Подойдя к убитым горем родителям, монах остановился в нерешительности, и губы его задрожали, точно он не находил слов. Внезапно он сделал то, что запрещено монахам, – дотронулся до господина Вирака.
– Горе стихнет, – сказал он, положив руку ему на плечо, не как монах, но как тот, кто разделяет его скорбь. – Сейчас в это трудно поверить, друг мой, но оно пройдет и, подобно цветку, оставит после себя новое семя. – Монах, не отрываясь, смотрел в полные слез глаза господина Вирака.
Потом слегка кивнул музыканту, и тот, опустившись на колени, поджег костер зажигалкой. Гроб с телом младенца занялся пламенем. Господин Вирак и его жена рухнули на землю, в том месте, где были начерчены классики, и зарыдали: он – беззвучно, она – в голос. Вскоре им вторил целый хор голосов. Колыбельная из слез.

 

Погребальный костер еще горел, когда пришли солдаты Революции и велели всем собраться во дворе. Дети попросили меня сыграть с ними в классики, однако играть было негде. Квадраты классиков оказались под костром. На земле тлели угли, а воздухе, точно светлячки, слетевшиеся, чтобы вместе с нами оплакивать смерть ребенка, носились искры. И только среди солдат Революции царило небывалое воодушевление.

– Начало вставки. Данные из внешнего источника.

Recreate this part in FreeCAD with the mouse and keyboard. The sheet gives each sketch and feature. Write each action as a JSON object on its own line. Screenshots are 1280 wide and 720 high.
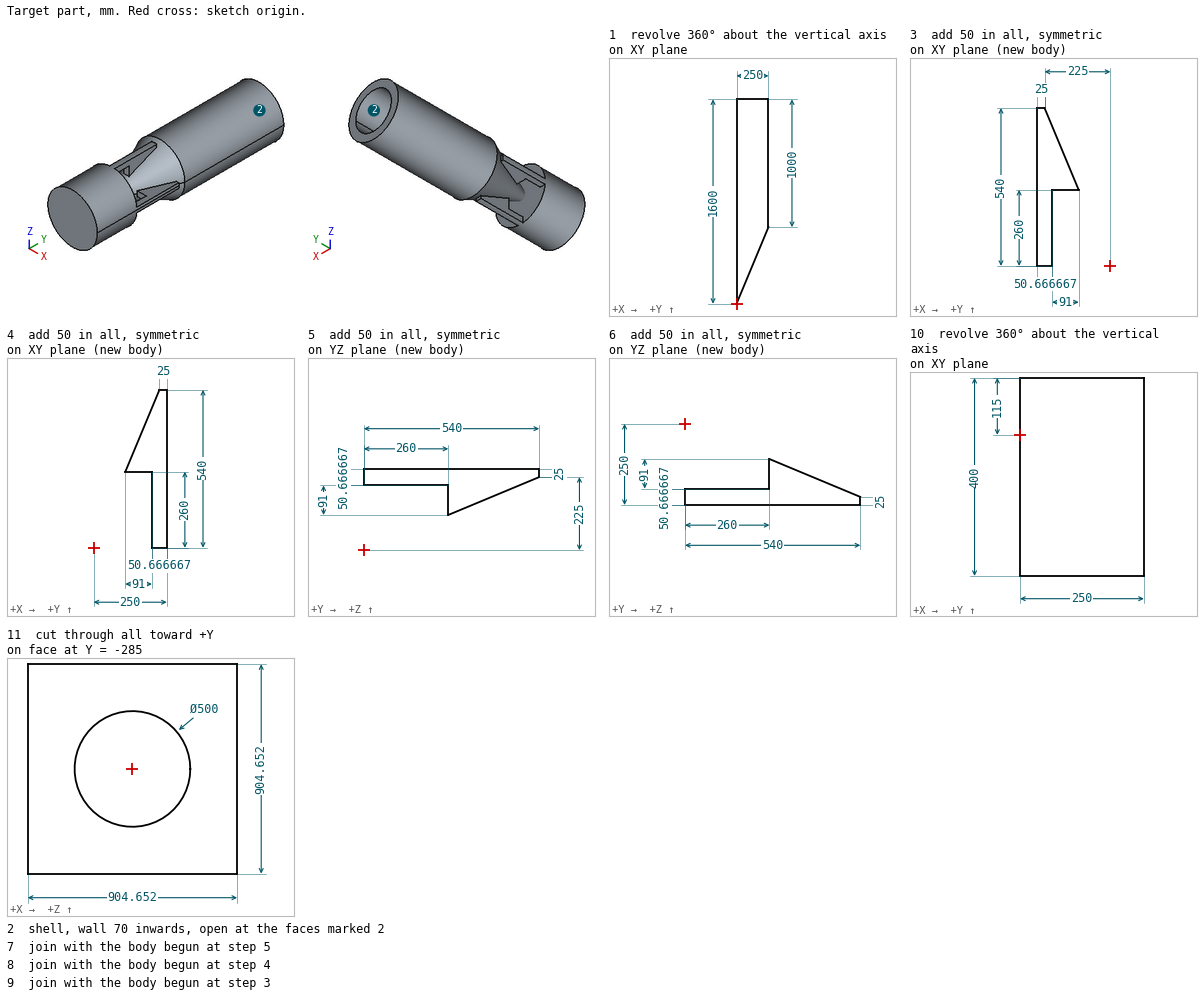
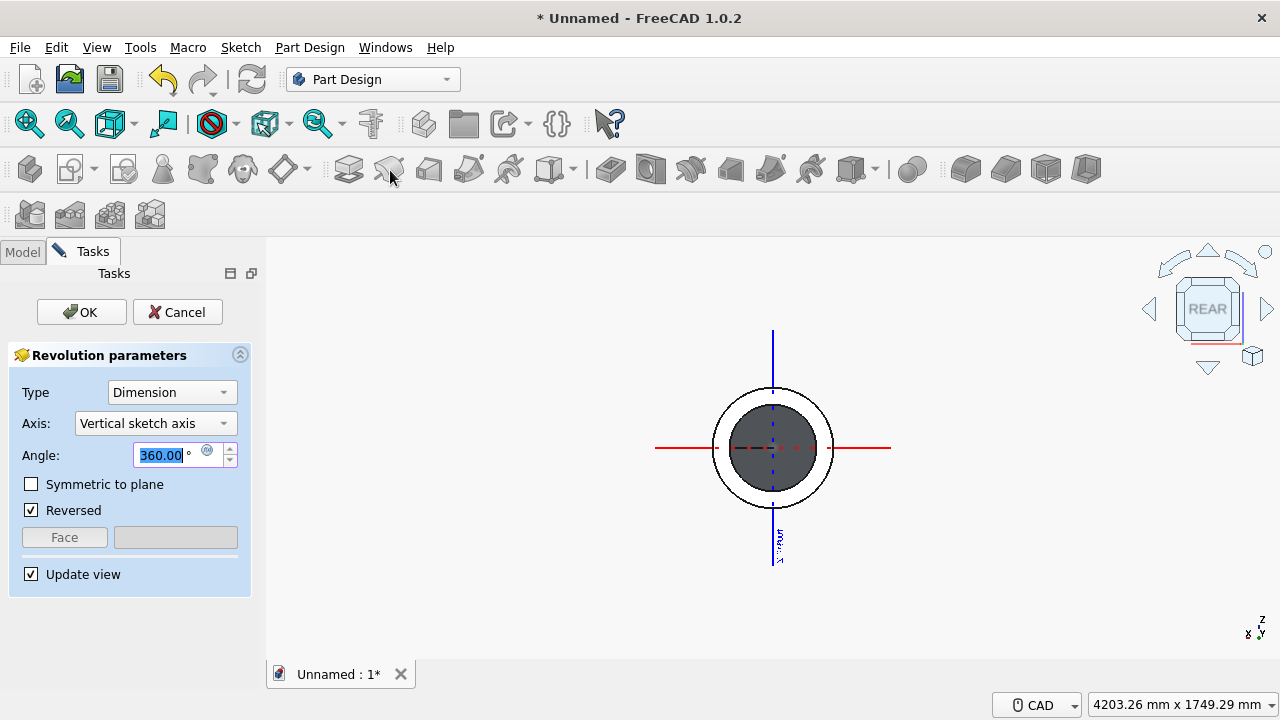
{"action": "left_click", "coordinate": [82, 312]}

– Организация знает, кто вы! Кто чем занимался; кто был богат, а кто – беден; кто жил на вилле, а кто – на улице; кто камбоджиец, а кто – иностранный шпион! У Организация повсюду глаза и уши – как глазки́ у ананаса! Вам незачем врать и прятаться! Выйдите вперед! Назовите себя!

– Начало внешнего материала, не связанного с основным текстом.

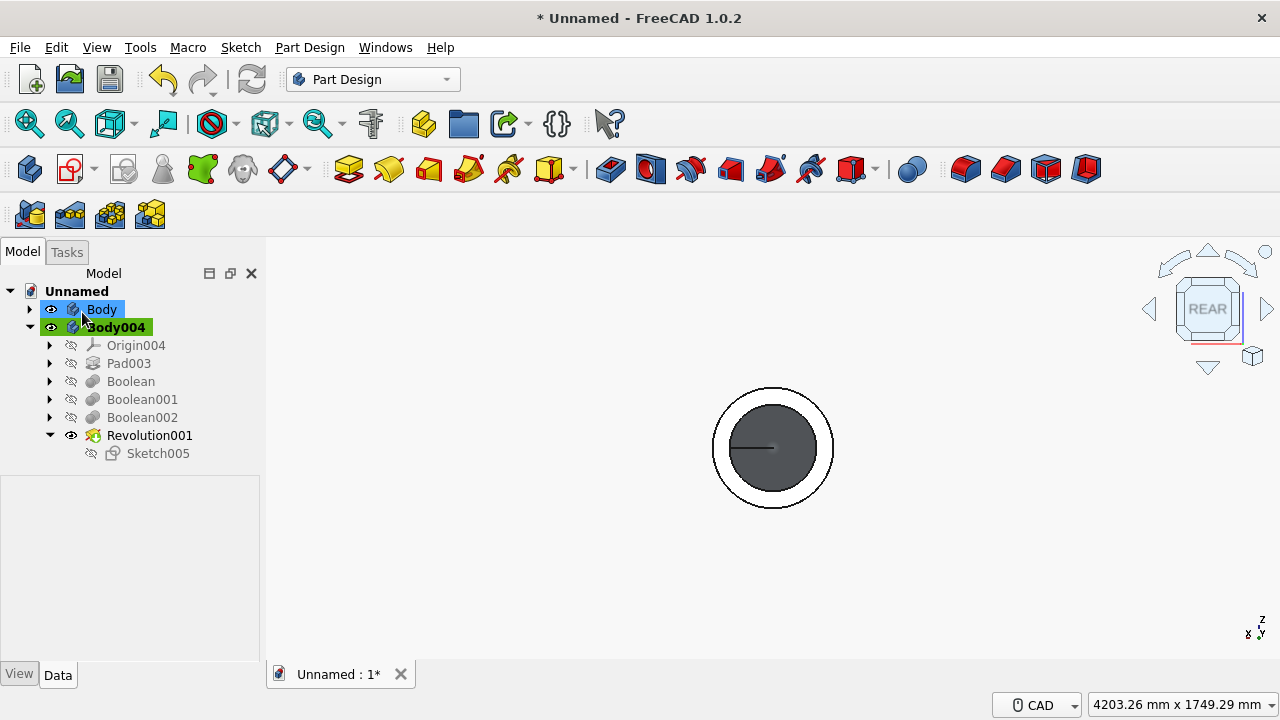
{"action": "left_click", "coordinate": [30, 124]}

Организация слеп, подумала я. И глух. Он угрожает и командует, посылает к нам эти тени, которые с восторгом превозносят его, вместо того чтобы плакать и скорбеть или хотя бы молчать из уважения к чужому горю. Он разве не знает, что у нас похороны?
– Посвятите себя Революции! Военные, инженеры, врачи, дипломаты! Те, кто занимал какую-либо должность при старом режиме! Выйдите вперед!

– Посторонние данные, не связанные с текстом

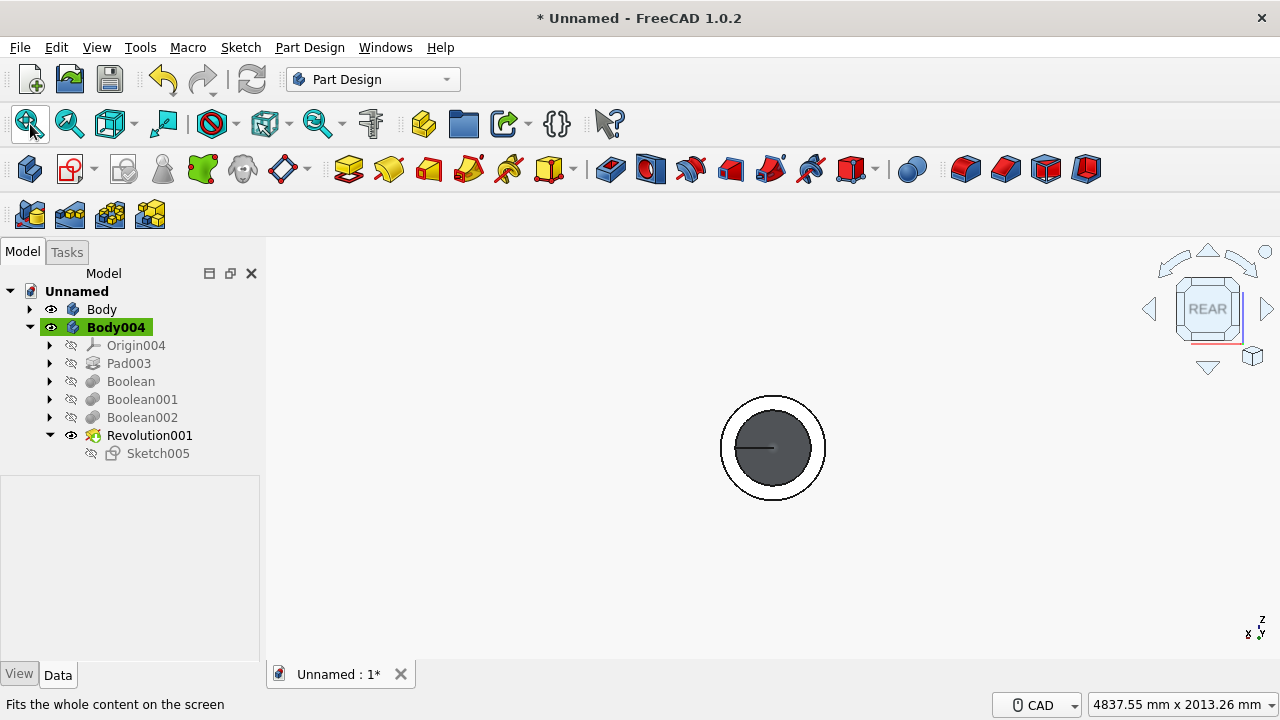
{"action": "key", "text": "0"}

От их настойчивых призывов невозможно было спрятаться, и только голоса призраков заглушали их. Призраки соболезновали людскому горю. Видимо, они появились из тьеддеев. Я взглянула на ступу. В рассеянном свете сумерек ее длинный золотой шпиль напоминал удочку, закинутую с неба на землю. Еще одного поймали! Рыба? Головастик? Нет, это семя. Новое семя… Они пели, радуясь возвращению ребенка в их мир. Мы по ошибке отдали тебя людям, а теперь забираем назад, ты принадлежишь нам.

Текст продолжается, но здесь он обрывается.